French naturalist, physician (1634–1707)

Denis Dodart was a French physician, naturalist, and botanist. He was born in 1634 in Paris and died on 5 November 1707 in the same city.

== Biography ==

=== Childhood and humanist education ===
Denis Dodart was born in 1634 in a Parisian middle class family that belonged to the bourgeoisie. He was a son of Jean Dodart, notary public with a passion for literature, and Marie Dubois, daughter of a lawyer at the Parlement of Paris. He was interested in art and science since young age. He was taught Latin, Greek, music, and drawing. Fontenelle mentioned in his Éloge of Monsieur Dodart the library of the Dodart family.
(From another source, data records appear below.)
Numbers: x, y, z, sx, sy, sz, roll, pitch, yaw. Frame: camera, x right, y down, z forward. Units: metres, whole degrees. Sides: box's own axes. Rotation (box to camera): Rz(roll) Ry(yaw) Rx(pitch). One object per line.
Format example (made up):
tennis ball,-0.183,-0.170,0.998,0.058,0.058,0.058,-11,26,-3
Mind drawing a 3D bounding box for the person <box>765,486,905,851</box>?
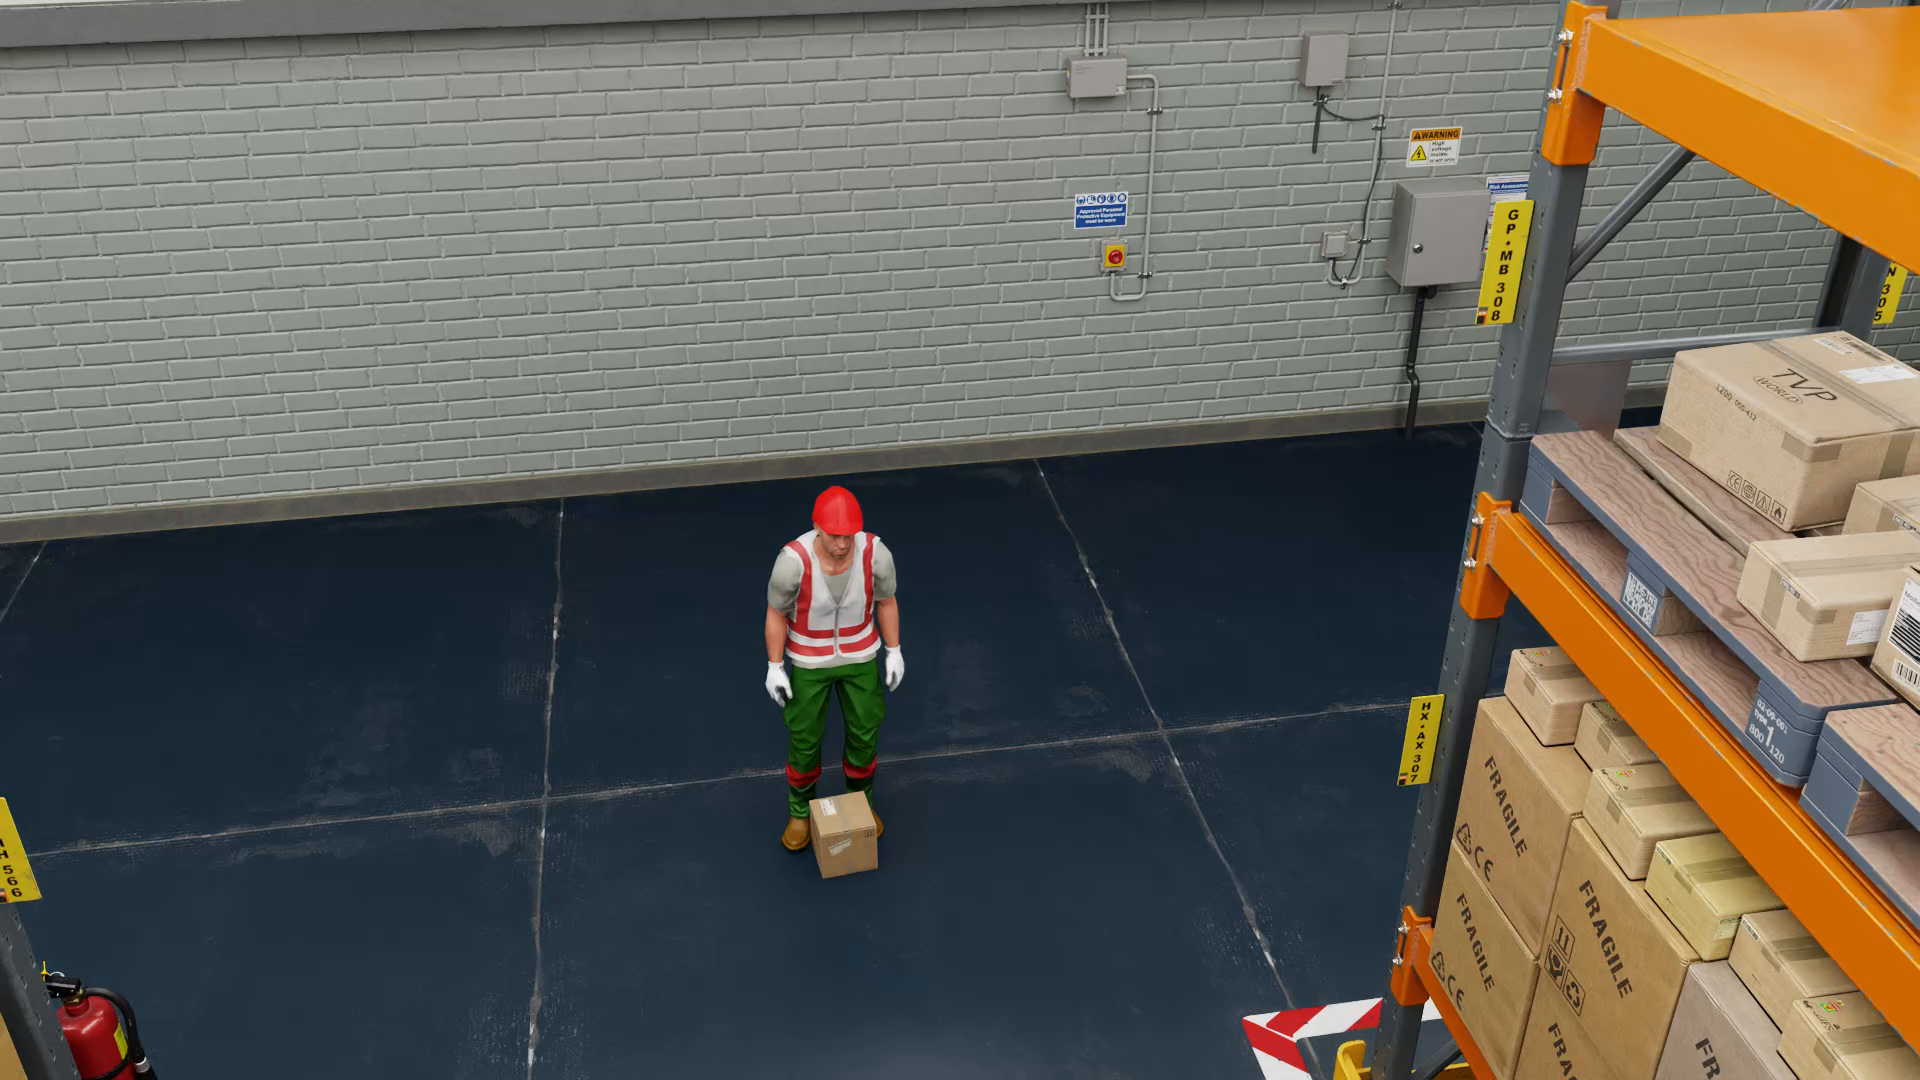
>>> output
person,-0.539,0.538,7.208,0.616,1.778,0.453,-7,31,-12

He studied at the University of Paris and gained his Doctorate of Medicine on 13 October 1660. Denis Dodart was noticed for his erudition, his good eloquency, being open minded. He is described by Guy Patin, dean of the University in a private letter: "Ce jourd'hui [sic] 5 Juillet (1660) nous avons fait la Licence de nos vieux Bacheliers, ils sont 7 en nombre, dont celui qui est le plus fécond, nommé Dodart, âgé de 25 ans, est un des plus sage & des plus fçavans [sic] hommes homme de ce Siècle Ce jeune homme est un prodige de sagesse 6 de science monstrum sin vitio, comme disait Adr. Turnebus de Josepho Scaligero." He adds in another letter "Notre Licentié [sic] qui est si fçavant, s'appelle Dodart. il est le fils d'un Bourgeois de Paris, fort honnête homme. C'est un grand garçon, fort sage, fort modeste, qui sait Hipocrate, Galien, Aristote, Ciceron, Sénèque, & Fernel par coeur. C'est un garçon incomparable, qui n'a pas 26 ans, car la Faculté lui fit grace au premier Examen de quelaues mois qui lui manquait pour son âge, sur la bonne opinion qu'on avait de lui dés auparavant." In 1666 he gained the Doctor of Pharmacy title.
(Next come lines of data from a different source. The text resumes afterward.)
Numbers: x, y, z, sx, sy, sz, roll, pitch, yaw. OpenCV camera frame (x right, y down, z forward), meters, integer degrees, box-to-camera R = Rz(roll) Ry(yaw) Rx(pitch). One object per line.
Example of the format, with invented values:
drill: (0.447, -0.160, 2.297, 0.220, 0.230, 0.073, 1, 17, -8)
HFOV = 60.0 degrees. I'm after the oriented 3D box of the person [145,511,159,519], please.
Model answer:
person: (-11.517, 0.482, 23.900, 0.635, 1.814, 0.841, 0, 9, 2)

=== Physician of Conti family and Port-Royal ===

He was elected to the French Academy of Sciences in 1673. In botany he is notable for his early studies of plant respiration and growth. He collaborated with the French engraver Nicolas Robert in several illustrated works including Estampes de Plantes and Mémoires pour servir á l'Histoire des Plantes.

His father Jean Dodart was a Parisian notary and his mother Marie Dubois was the daughter of a lawyer. Suspicion that his parents, like many from the legal professions, had been supporters of the Fronde uprising nearly derailed his election to the Academy of Sciences.
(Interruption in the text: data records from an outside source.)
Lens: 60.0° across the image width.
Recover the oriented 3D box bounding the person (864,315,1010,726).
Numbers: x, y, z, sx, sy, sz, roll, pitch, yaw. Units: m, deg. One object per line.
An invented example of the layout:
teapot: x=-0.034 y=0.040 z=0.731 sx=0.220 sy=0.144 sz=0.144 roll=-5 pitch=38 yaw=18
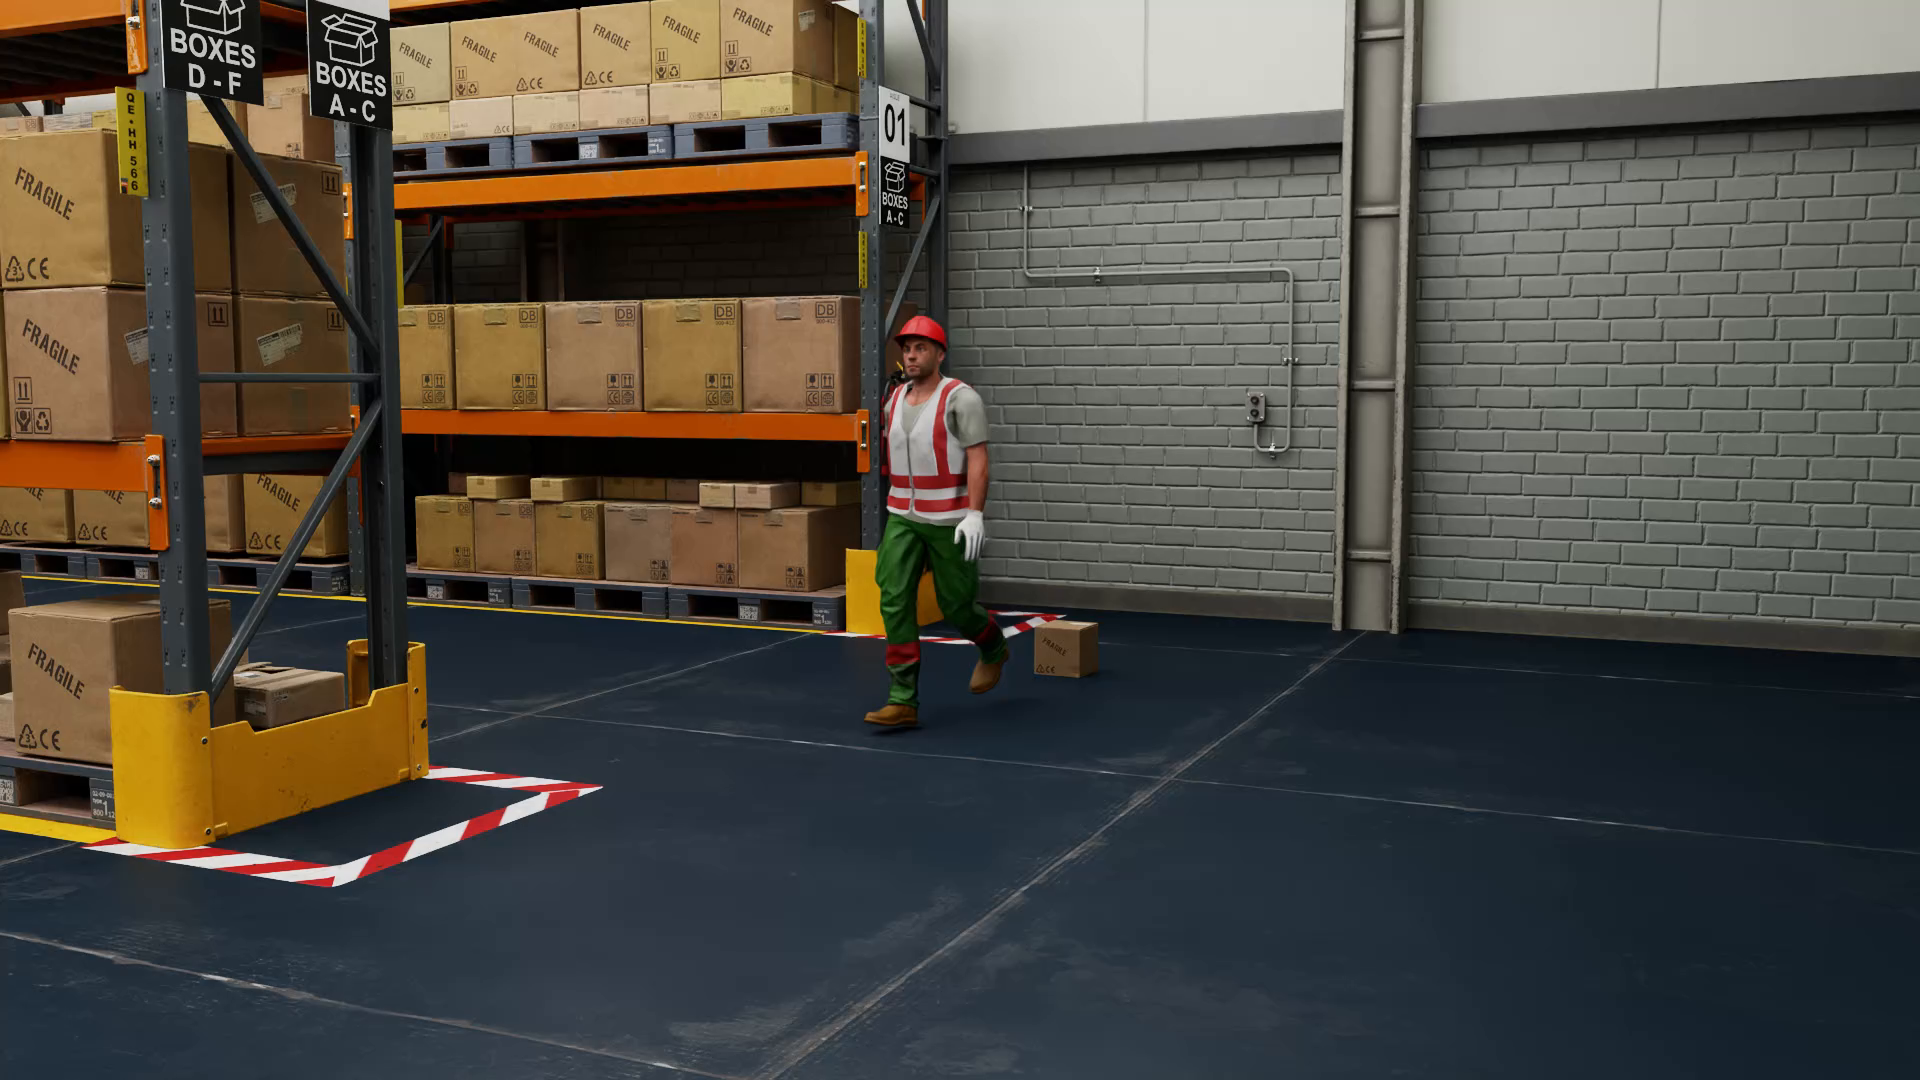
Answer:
person: x=-0.081 y=-0.093 z=7.279 sx=0.566 sy=1.763 sz=0.926 roll=3 pitch=6 yaw=32

Though most of his writings are about botany and medicine, he was also interested in music. He intended to write a history of music but did not complete it. His main extant contribution was the essay about the physical characteristics and qualities of the human voice Mémoire sur les causes de la voix de l'homme, et de ses différens tons, published in the Mémoires de l'Académie royale des sciences (1700; pp.244–93) and published separately in 1703. He also added suppléments in the Mémoires for 1706 (pp.136–48, 388–410) and 1707 (pp.66–81).

== Personal life ==
Dodart married Marie-Lucienne Le Picard, and the couple had two children, a girl and a boy. Their son Claude-Jean-Baptiste Dodart (1664 - 1730) went on to become the chief physician to King Louis XV of France.

==Eponymy==
The nettle species Urtica dodartii was named after him by Linnaeus but this is now considered a variety of Urtica pilulifera, the Roman nettle (U. pilulifera L. var. dodartii (L.) Aschers.).

==See also==
- Nicolas Robert

==Major works==
- "Memoires pour servir a l'histoire des plantes" (1676)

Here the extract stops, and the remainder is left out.